Work item:
Write down each entry precisely as given.

Recorded data:
[Start of Attachment]

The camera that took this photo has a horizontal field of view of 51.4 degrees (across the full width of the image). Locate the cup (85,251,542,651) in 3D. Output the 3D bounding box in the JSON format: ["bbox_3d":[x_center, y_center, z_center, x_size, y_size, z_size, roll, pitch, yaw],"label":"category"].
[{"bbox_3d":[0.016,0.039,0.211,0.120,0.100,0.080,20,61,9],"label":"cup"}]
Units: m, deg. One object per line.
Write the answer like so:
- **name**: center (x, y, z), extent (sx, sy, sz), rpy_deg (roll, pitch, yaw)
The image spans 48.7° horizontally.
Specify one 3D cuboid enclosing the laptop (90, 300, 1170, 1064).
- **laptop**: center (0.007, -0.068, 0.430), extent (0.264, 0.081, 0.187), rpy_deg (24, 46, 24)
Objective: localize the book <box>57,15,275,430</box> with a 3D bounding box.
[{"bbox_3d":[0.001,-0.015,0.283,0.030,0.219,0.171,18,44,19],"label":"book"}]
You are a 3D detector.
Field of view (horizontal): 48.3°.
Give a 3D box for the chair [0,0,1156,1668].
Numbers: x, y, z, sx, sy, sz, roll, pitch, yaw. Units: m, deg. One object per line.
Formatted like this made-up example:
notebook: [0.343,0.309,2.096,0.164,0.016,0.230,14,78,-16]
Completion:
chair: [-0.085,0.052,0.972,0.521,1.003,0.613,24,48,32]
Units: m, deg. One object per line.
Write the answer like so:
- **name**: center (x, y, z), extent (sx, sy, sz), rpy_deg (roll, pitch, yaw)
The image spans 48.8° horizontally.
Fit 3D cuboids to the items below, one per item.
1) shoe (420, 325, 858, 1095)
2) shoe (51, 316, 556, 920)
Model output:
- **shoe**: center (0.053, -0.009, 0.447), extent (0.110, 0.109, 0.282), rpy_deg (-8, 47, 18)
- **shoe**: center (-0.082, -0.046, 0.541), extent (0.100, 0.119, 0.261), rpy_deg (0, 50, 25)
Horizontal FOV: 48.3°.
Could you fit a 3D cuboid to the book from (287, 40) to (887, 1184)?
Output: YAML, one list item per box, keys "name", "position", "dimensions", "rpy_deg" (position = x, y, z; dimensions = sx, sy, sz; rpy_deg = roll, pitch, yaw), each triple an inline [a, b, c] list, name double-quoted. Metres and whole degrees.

[End of Attachment]

Output:
The camera that took this photo has a horizontal field of view of 51.4 degrees (across the full width of the image). Locate the cup (85,251,542,651) in 3D. Output the 3D bounding box in the JSON format: ["bbox_3d":[x_center, y_center, z_center, x_size, y_size, z_size, roll, pitch, yaw],"label":"category"].
[{"bbox_3d":[0.016,0.039,0.211,0.120,0.100,0.080,20,61,9],"label":"cup"}]
Units: m, deg. One object per line.
Write the answer like so:
- **name**: center (x, y, z), extent (sx, sy, sz), rpy_deg (roll, pitch, yaw)
The image spans 48.7° horizontally.
Specify one 3D cuboid enclosing the laptop (90, 300, 1170, 1064).
- **laptop**: center (0.007, -0.068, 0.430), extent (0.264, 0.081, 0.187), rpy_deg (24, 46, 24)
Objective: localize the book <box>57,15,275,430</box> with a 3D bounding box.
[{"bbox_3d":[0.001,-0.015,0.283,0.030,0.219,0.171,18,44,19],"label":"book"}]
You are a 3D detector.
Field of view (horizontal): 48.3°.
Give a 3D box for the chair [0,0,1156,1668].
Numbers: x, y, z, sx, sy, sz, roll, pitch, yaw. Units: m, deg. One object per line.
Formatted like this made-up example:
notebook: [0.343,0.309,2.096,0.164,0.016,0.230,14,78,-16]
Completion:
chair: [-0.085,0.052,0.972,0.521,1.003,0.613,24,48,32]
Units: m, deg. One object per line.
Write the answer like so:
- **name**: center (x, y, z), extent (sx, sy, sz), rpy_deg (roll, pitch, yaw)
The image spans 48.8° horizontally.
Fit 3D cuboids to the items below, one per item.
1) shoe (420, 325, 858, 1095)
2) shoe (51, 316, 556, 920)
Model output:
- **shoe**: center (0.053, -0.009, 0.447), extent (0.110, 0.109, 0.282), rpy_deg (-8, 47, 18)
- **shoe**: center (-0.082, -0.046, 0.541), extent (0.100, 0.119, 0.261), rpy_deg (0, 50, 25)
Horizontal FOV: 48.3°.
Could you fit a 3D cuboid to the book from (287, 40) to (887, 1184)?
Output: YAML, one list item per box, keys "name", "position", "dimensions", "rpy_deg" (position = x, y, z; dimensions = sx, sy, sz; rpy_deg = roll, pitch, yaw), each triple an inline [a, b, c] list, name double-quoted. Metres and whole degrees.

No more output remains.